(Beginning of Material for the task)
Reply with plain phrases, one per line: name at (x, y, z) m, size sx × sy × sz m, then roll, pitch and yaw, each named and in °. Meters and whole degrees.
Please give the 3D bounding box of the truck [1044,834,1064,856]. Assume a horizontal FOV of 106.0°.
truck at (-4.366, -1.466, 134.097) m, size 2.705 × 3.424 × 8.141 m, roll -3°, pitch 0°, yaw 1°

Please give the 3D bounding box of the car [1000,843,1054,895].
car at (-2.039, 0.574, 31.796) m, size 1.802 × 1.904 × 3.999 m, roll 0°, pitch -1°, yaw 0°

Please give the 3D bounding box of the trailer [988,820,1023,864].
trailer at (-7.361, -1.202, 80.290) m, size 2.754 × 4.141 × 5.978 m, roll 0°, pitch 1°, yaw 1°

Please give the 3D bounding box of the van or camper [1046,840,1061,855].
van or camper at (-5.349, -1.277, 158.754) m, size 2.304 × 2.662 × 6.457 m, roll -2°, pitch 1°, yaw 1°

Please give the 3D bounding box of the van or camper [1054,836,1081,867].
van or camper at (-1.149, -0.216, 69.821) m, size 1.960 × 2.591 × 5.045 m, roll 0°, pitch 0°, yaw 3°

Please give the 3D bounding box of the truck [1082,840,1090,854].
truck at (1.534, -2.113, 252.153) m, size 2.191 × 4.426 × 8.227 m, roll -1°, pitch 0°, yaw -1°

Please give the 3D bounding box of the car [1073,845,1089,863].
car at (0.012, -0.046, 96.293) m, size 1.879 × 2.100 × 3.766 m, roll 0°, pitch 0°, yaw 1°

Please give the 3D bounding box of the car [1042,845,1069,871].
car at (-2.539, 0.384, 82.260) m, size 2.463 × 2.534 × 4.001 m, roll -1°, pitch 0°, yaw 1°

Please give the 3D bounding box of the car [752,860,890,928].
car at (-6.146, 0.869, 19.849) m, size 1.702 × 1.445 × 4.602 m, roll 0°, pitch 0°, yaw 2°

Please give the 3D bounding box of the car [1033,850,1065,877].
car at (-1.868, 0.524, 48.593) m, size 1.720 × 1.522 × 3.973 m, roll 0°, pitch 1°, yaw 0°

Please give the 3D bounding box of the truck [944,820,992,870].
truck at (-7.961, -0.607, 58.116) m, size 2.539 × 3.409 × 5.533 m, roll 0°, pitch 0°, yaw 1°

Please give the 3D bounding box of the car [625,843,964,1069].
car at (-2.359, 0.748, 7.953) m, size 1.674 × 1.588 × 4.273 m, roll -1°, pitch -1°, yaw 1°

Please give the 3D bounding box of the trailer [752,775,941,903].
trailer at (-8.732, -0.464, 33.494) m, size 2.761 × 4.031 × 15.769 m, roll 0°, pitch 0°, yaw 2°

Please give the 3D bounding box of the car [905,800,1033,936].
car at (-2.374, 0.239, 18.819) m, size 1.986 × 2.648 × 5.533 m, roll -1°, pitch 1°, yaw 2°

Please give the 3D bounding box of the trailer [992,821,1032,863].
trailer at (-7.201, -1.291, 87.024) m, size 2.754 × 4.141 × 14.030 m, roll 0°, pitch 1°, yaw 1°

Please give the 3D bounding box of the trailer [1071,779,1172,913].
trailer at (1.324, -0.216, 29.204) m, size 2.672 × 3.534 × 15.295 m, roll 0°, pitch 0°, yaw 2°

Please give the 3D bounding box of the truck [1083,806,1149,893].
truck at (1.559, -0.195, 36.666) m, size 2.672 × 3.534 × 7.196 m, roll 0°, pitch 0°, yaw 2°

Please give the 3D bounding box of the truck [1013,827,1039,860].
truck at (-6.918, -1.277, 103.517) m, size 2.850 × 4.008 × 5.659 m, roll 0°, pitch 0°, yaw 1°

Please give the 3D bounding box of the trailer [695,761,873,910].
(End of Material for the task)
» **Exercise details**
Give back each line of the material above exactly as it appears.

» **Answer below**
Reply with plain phrases, one per line: name at (x, y, z) m, size sx × sy × sz m, then roll, pitch and yaw, each named and in °. Meters and whole degrees.
Please give the 3D bounding box of the truck [1044,834,1064,856]. Assume a horizontal FOV of 106.0°.
truck at (-4.366, -1.466, 134.097) m, size 2.705 × 3.424 × 8.141 m, roll -3°, pitch 0°, yaw 1°

Please give the 3D bounding box of the car [1000,843,1054,895].
car at (-2.039, 0.574, 31.796) m, size 1.802 × 1.904 × 3.999 m, roll 0°, pitch -1°, yaw 0°

Please give the 3D bounding box of the trailer [988,820,1023,864].
trailer at (-7.361, -1.202, 80.290) m, size 2.754 × 4.141 × 5.978 m, roll 0°, pitch 1°, yaw 1°

Please give the 3D bounding box of the van or camper [1046,840,1061,855].
van or camper at (-5.349, -1.277, 158.754) m, size 2.304 × 2.662 × 6.457 m, roll -2°, pitch 1°, yaw 1°

Please give the 3D bounding box of the van or camper [1054,836,1081,867].
van or camper at (-1.149, -0.216, 69.821) m, size 1.960 × 2.591 × 5.045 m, roll 0°, pitch 0°, yaw 3°

Please give the 3D bounding box of the truck [1082,840,1090,854].
truck at (1.534, -2.113, 252.153) m, size 2.191 × 4.426 × 8.227 m, roll -1°, pitch 0°, yaw -1°

Please give the 3D bounding box of the car [1073,845,1089,863].
car at (0.012, -0.046, 96.293) m, size 1.879 × 2.100 × 3.766 m, roll 0°, pitch 0°, yaw 1°

Please give the 3D bounding box of the car [1042,845,1069,871].
car at (-2.539, 0.384, 82.260) m, size 2.463 × 2.534 × 4.001 m, roll -1°, pitch 0°, yaw 1°

Please give the 3D bounding box of the car [752,860,890,928].
car at (-6.146, 0.869, 19.849) m, size 1.702 × 1.445 × 4.602 m, roll 0°, pitch 0°, yaw 2°

Please give the 3D bounding box of the car [1033,850,1065,877].
car at (-1.868, 0.524, 48.593) m, size 1.720 × 1.522 × 3.973 m, roll 0°, pitch 1°, yaw 0°

Please give the 3D bounding box of the truck [944,820,992,870].
truck at (-7.961, -0.607, 58.116) m, size 2.539 × 3.409 × 5.533 m, roll 0°, pitch 0°, yaw 1°

Please give the 3D bounding box of the car [625,843,964,1069].
car at (-2.359, 0.748, 7.953) m, size 1.674 × 1.588 × 4.273 m, roll -1°, pitch -1°, yaw 1°

Please give the 3D bounding box of the trailer [752,775,941,903].
trailer at (-8.732, -0.464, 33.494) m, size 2.761 × 4.031 × 15.769 m, roll 0°, pitch 0°, yaw 2°

Please give the 3D bounding box of the car [905,800,1033,936].
car at (-2.374, 0.239, 18.819) m, size 1.986 × 2.648 × 5.533 m, roll -1°, pitch 1°, yaw 2°

Please give the 3D bounding box of the trailer [992,821,1032,863].
trailer at (-7.201, -1.291, 87.024) m, size 2.754 × 4.141 × 14.030 m, roll 0°, pitch 1°, yaw 1°

Please give the 3D bounding box of the trailer [1071,779,1172,913].
trailer at (1.324, -0.216, 29.204) m, size 2.672 × 3.534 × 15.295 m, roll 0°, pitch 0°, yaw 2°

Please give the 3D bounding box of the truck [1083,806,1149,893].
truck at (1.559, -0.195, 36.666) m, size 2.672 × 3.534 × 7.196 m, roll 0°, pitch 0°, yaw 2°

Please give the 3D bounding box of the truck [1013,827,1039,860].
truck at (-6.918, -1.277, 103.517) m, size 2.850 × 4.008 × 5.659 m, roll 0°, pitch 0°, yaw 1°

Please give the 3D bounding box of the trailer [695,761,873,910].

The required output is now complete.